## Task:
Lines that include "degrees" make up the answer; copy all of them from the data below.

## Material provided:
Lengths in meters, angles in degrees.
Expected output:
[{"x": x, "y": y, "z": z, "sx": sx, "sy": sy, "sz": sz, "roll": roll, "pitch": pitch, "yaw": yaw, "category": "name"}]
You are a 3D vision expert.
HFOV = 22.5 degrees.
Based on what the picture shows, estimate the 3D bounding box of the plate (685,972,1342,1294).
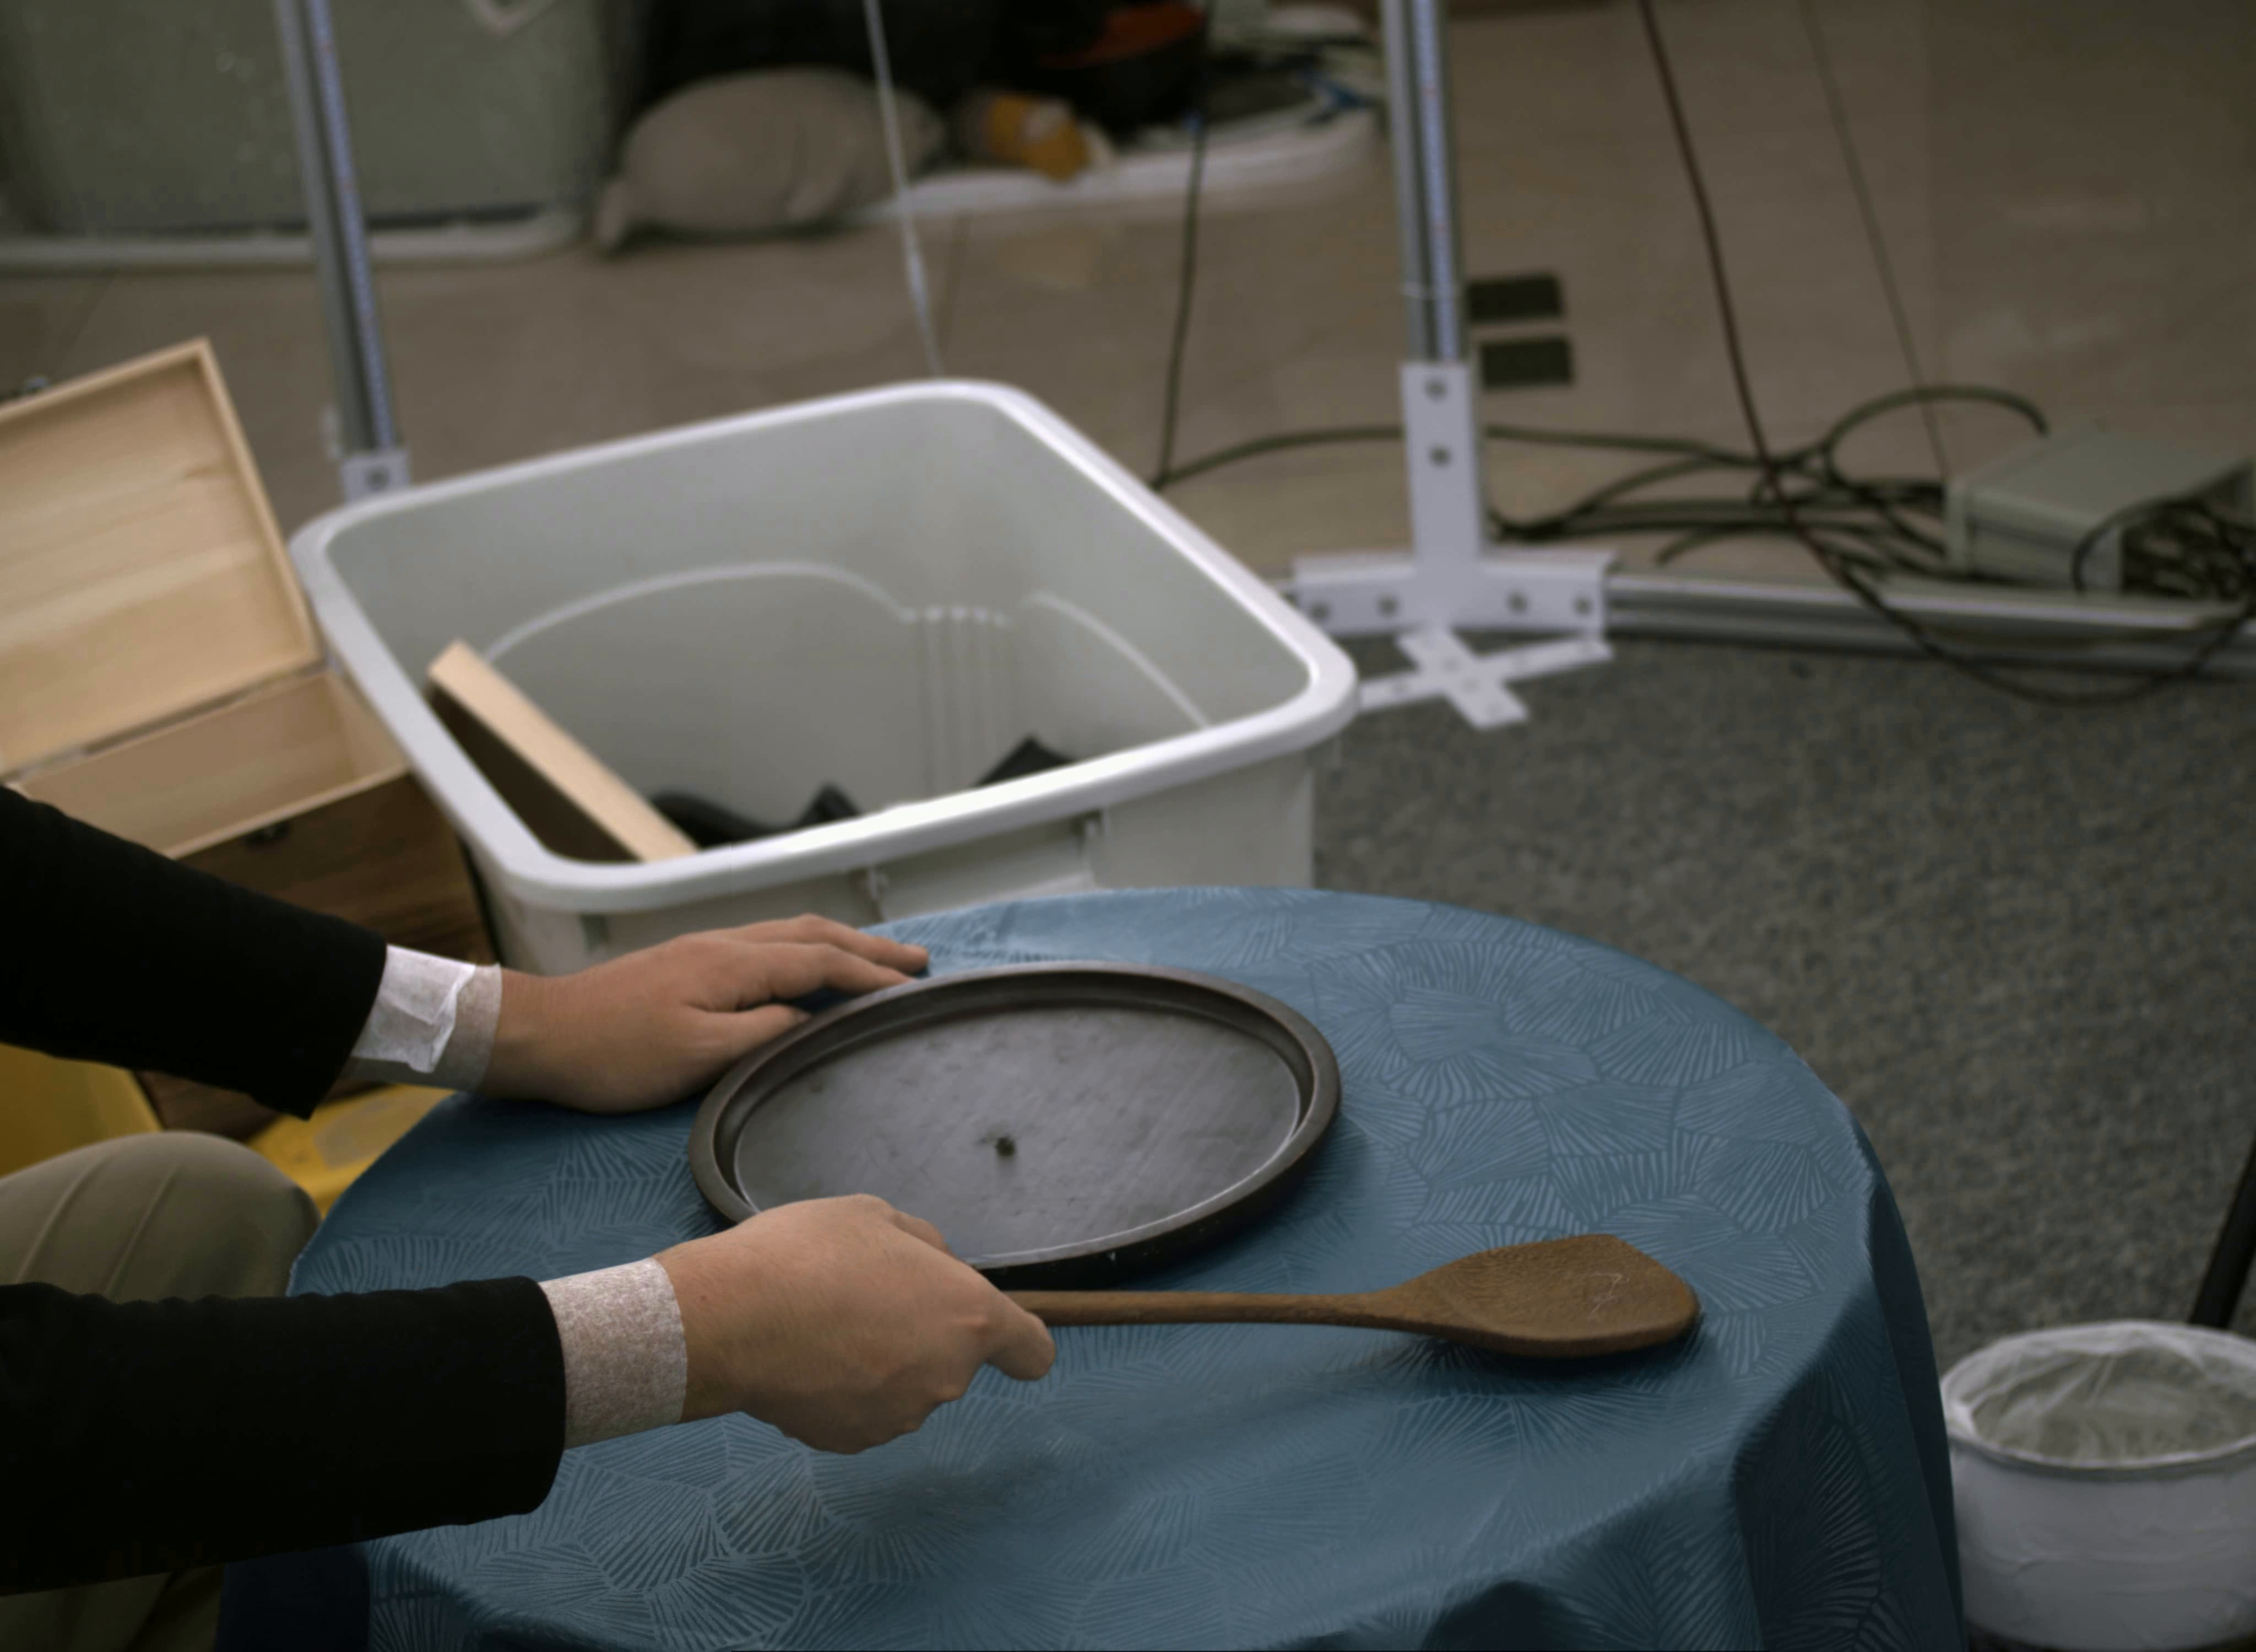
[{"x": -0.044, "y": 0.118, "z": 2.179, "sx": 0.254, "sy": 0.029, "sz": 0.251, "roll": -4, "pitch": 26, "yaw": 2, "category": "plate"}]

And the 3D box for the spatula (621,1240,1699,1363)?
[{"x": 0.013, "y": 0.170, "z": 1.980, "sx": 0.385, "sy": 0.016, "sz": 0.095, "roll": 0, "pitch": 18, "yaw": -17, "category": "spatula"}]

## Completed exercise:
Lengths in meters, angles in degrees.
HFOV = 22.5 degrees.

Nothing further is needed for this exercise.